我想从 tensorflow 自定义 GRU-RNN 单元。但我不知道我需要从 tensorflow 的标准 GRU 更改哪个功能。我想修改 GRU 单元以实现优化门控循环单元 (OGRU)架构。该论文与标准 GRU 的变化是输入 t 乘以Reset Gate的更新门。这里还有另一篇使用 OGRU 方法的论文。
我试图修改kaustubhhiware/LSTM-GRU-from-scratch代码,它适用于作为示例默认数据集的图像数据集。但是,我需要使用 OGRU 方法来预测不同形状输入的时间序列数据。我知道时间序列数据集的 _input 有问题,但我不知道最佳实践如何。
import tensorflow.compat.v1 as tf
tf.disable_v2_behavior()
def get_states(model, processed_input, initial_hidden):
all_hidden_states = tf.scan(model, processed_input, initializer=initial_hidden, name='states')
all_hidden_states = all_hidden_states[:, 0, :, :]
return all_hidden_states
def get_output(Wo, bo, hidden_state):
output = tf.nn.relu(tf.matmul(hidden_state, Wo) + bo)
return output
class OGRU_cell(object):
def __init__(self, input_nodes, hidden_unit, output_nodes):
self.input_nodes = input_nodes
self.hidden_unit = hidden_unit
self.output_nodes = output_nodes
#weight and bias initialization
self.Wx = tf.Variable(tf.zeros([self.input_nodes, self.hidden_unit]))
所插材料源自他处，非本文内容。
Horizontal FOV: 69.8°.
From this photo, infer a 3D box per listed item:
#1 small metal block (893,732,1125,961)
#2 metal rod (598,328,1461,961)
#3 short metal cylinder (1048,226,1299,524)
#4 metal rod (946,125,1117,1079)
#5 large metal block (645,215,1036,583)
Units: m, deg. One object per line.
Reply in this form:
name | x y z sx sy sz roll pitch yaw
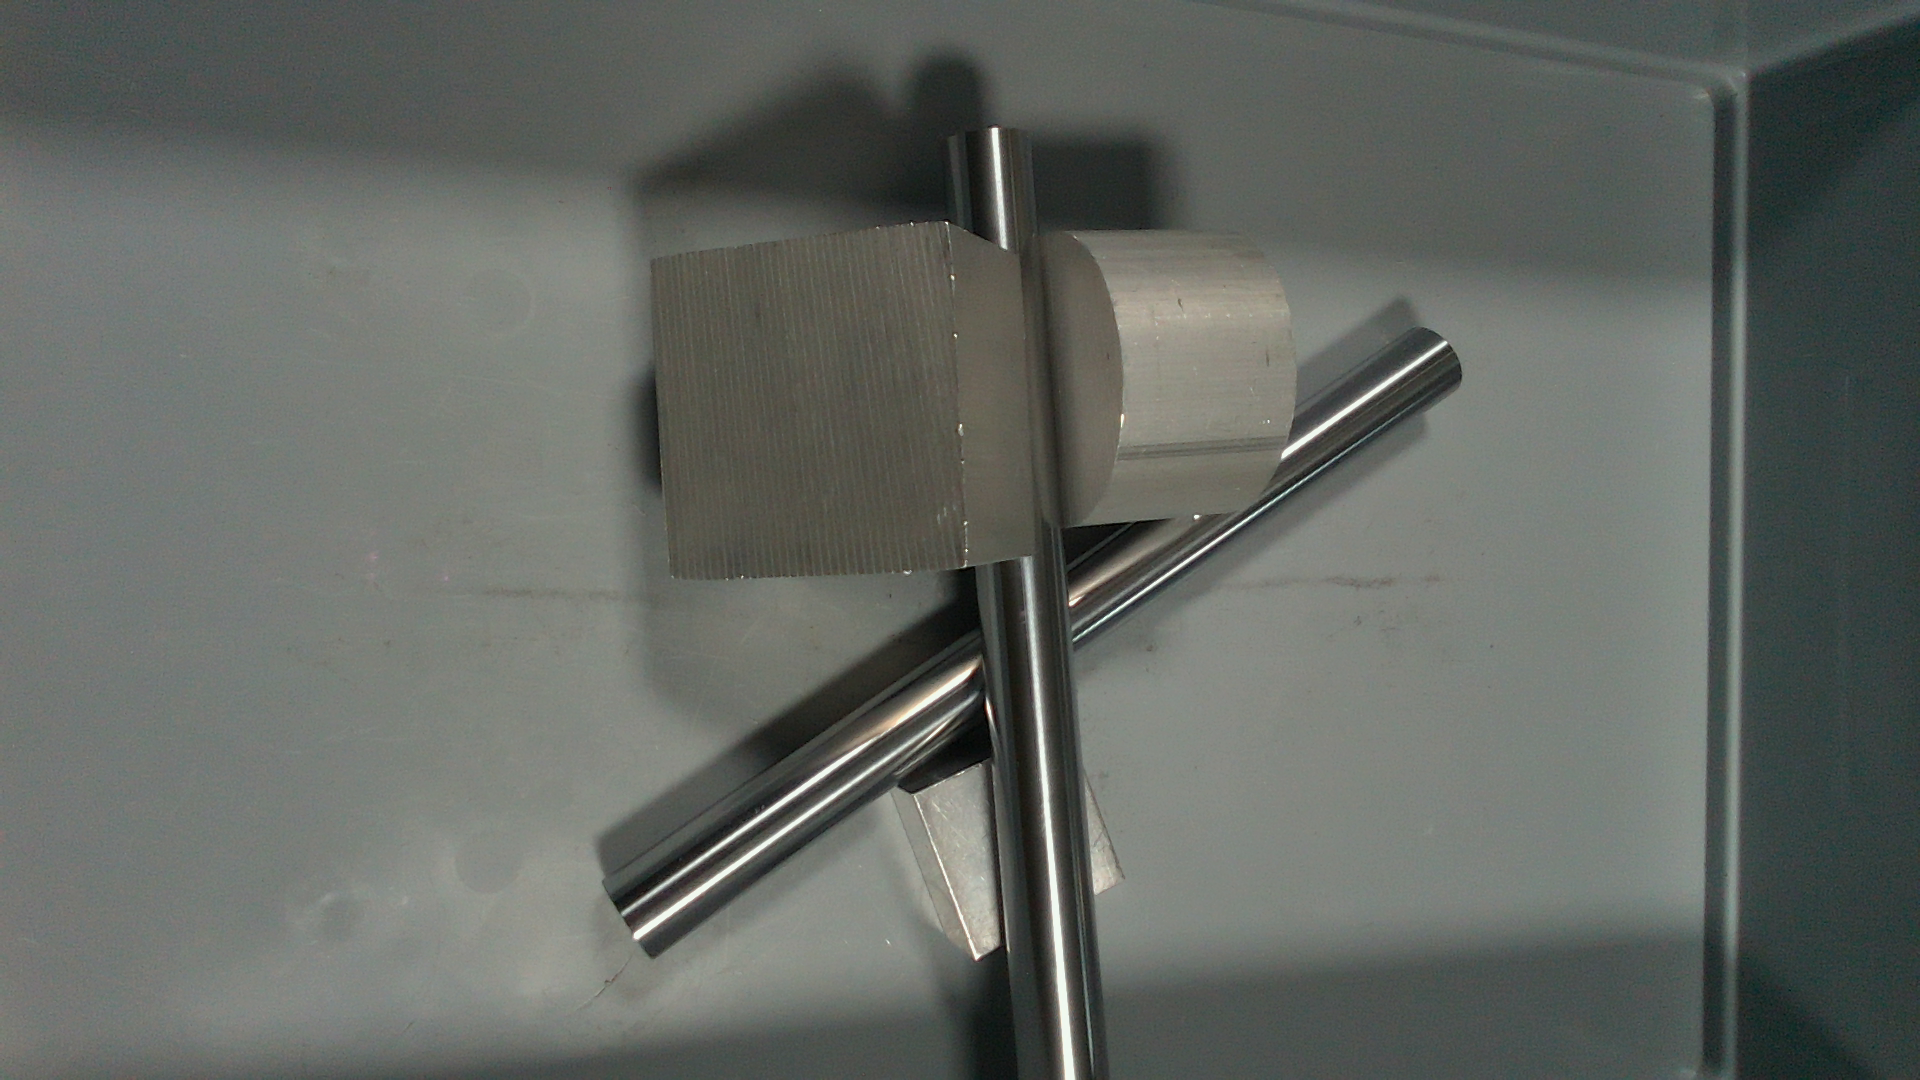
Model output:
small metal block | 0.013 0.084 0.397 0.050 0.025 0.050 -23 98 -18
metal rod | 0.032 0.021 0.403 0.301 0.025 0.025 -33 101 -17
short metal cylinder | 0.049 -0.046 0.380 0.050 0.080 0.080 -5 92 -21
metal rod | 0.021 0.041 0.373 0.025 0.025 0.300 -5 91 -20
large metal block | -0.029 -0.032 0.348 0.080 0.050 0.080 -3 91 21

self.Wr = tf.Variable(tf.zeros([self.input_nodes, self.hidden_unit]))
self.br = tf.Variable(tf.truncated_normal([self.hidden_unit], mean=1))
self.Wz = tf.Variable(tf.zeros([self.input_nodes, self.hidden_unit]))
self.bz = tf.Variable(tf.truncated_normal([self.hidden_unit], mean=1))
self.Wh = tf.Variable(tf.zeros([self.hidden_unit, self.hidden_unit]))
self.Wo = tf.Variable(tf.truncated_normal([self.hidden_unit, self.output_nodes], mean=1, stddev=.01))
self.bo = tf.Variable(tf.truncated_normal([self.output_nodes], mean=1, stddev=.01))
self._inputs = tf.placeholder(tf.float32,shape=[None, None, self.input_nodes], name='inputs')
batch_input_ = tf.transpose(self._inputs, perm=[2, 0, 1])
self.processed_input = tf.transpose(batch_input_)
self.initial_hidden = self._inputs[:, 0, :]
self.initial_hidden = tf.matmul(self.initial_hidden, tf.zeros([input_nodes, hidden_unit]))
def Gru(self, previous_hidden_state, x):
r = tf.sigmoid(tf.matmul(x, self.Wr) + self.br)
z = tf.sigmoid(tf.multiply(tf.matmul(x, self.Wz), r) + self.bz)
h_ = tf.tanh(tf.matmul(x, self.Wx) +
tf.matmul(previous_hidden_state, self.Wh) * r)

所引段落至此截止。